# План

* Вытащить данные из файла
* Достать фичи
* Разделить данные на train и test set
* Отклассифицировать

### Твит

In [1]:
position_from_emotion = {}
position_from_emotion['anger'] = [1, 0, 0, 0]
position_from_emotion['sadness'] = [0, 1, 0, 0]
position_from_emotion['joy'] = [0, 0, 1, 0]
position_from_emotion['fear'] = [0, 0, 0, 1]

cl_from_emotion = {}
cl_from_emotion['anger'] = 0
cl_from_emotion['sadness'] = 1
cl_from_emotion['joy'] = 2
cl_from_emotion['fear'] = 3


class Tweet(object):
    def __init__(self, message, res, common_class):
        self.cl = cl_from_emotion[common_class]
        self.message = message
        self.res = [x * res for x in position_from_emotion[common_class]]

    def __str__(self):
        return str(self.message) + " " + str(self.res)

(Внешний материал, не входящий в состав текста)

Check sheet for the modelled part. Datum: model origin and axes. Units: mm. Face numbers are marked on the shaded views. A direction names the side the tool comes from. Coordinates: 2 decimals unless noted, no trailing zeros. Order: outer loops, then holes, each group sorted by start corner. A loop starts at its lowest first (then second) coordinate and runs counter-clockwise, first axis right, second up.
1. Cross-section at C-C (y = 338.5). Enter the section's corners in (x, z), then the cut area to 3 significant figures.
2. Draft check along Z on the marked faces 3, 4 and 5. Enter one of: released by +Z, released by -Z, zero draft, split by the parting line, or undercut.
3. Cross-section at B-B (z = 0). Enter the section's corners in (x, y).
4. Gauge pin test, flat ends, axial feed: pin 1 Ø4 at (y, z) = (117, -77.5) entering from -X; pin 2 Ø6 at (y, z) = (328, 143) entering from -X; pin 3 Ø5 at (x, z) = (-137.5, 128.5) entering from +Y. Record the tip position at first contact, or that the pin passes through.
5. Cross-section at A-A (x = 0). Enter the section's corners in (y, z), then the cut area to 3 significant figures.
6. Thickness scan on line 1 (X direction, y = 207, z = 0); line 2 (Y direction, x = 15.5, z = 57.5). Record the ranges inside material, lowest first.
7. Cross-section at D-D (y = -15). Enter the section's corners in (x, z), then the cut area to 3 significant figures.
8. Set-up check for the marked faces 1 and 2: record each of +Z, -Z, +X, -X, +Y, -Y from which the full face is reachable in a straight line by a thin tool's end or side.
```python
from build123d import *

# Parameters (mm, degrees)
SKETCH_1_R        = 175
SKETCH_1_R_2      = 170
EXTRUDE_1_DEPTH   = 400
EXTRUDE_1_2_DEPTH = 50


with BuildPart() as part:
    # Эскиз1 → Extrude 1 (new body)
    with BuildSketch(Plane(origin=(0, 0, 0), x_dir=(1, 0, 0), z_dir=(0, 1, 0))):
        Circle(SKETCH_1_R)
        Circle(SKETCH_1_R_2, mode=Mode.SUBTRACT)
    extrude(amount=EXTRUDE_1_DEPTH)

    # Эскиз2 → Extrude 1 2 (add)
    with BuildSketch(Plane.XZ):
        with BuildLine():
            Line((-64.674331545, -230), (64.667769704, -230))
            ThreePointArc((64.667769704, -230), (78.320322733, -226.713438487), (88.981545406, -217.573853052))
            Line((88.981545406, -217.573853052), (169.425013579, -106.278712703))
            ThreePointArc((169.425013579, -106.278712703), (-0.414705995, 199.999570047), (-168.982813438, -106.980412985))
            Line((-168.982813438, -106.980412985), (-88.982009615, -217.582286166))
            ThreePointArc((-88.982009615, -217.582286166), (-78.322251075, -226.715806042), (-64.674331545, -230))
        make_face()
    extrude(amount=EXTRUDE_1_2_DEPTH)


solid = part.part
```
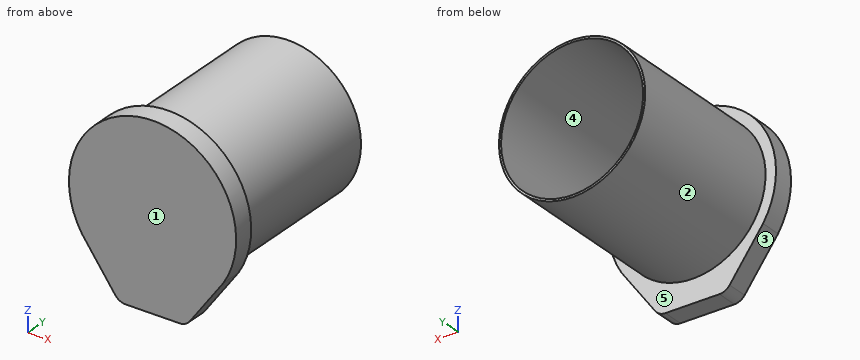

def get_tweet(str_tweet, res_acc=1):
    num, message, common_class, res = str_tweet.split('\t')
    return Tweet(message, float(res[0:res_acc]), common_class)


def get_tweets(str_tweets, res_acc=1):
    return [get_tweet(line, res_acc) for line in str_tweets.split('\n') if len(line) > 0]

### Считываем твиты

In [2]:
EMOTION = 'anger'
FILENAME = 'main_data/EI-reg-en_' + EMOTION + '_train.txt'

file = open(FILENAME, 'r')
tweets = get_tweets(file.read(), res_acc=5)

In [3]:
import pandas as pd
from collections import namedtuple
import resource
import re
from bs4 import BeautifulSoup
from nltk.tokenize import WordPunctTokenizer

resource.setrlimit(resource.RLIMIT_CORE, (resource.RLIM_INFINITY, resource.RLIM_INFINITY))
    
tok = WordPunctTokenizer()

pat1 = r'@[A-Za-z0-9]+'
pat2 = r'https?://[A-Za-z0-9./]+'
combined_pat = r'|'.join((pat1, pat2))

def normalize_text(text):
    stripped = re.sub(combined_pat, '', text)
    try:
        clean = stripped.decode("utf-8-sig").replace(u"\ufffd", "?")
    except:
        clean = stripped
    letters_only = re.sub("[^a-zA-Z]", " ", clean)
    lower_case = letters_only.lower()
    words = tok.tokenize(lower_case)
    return (" ".join(words)).strip()   

In [4]:
import numpy as np

tweets = np.random.permutation(tweets)

In [5]:
texts = [normalize_text(t.message) for t in tweets]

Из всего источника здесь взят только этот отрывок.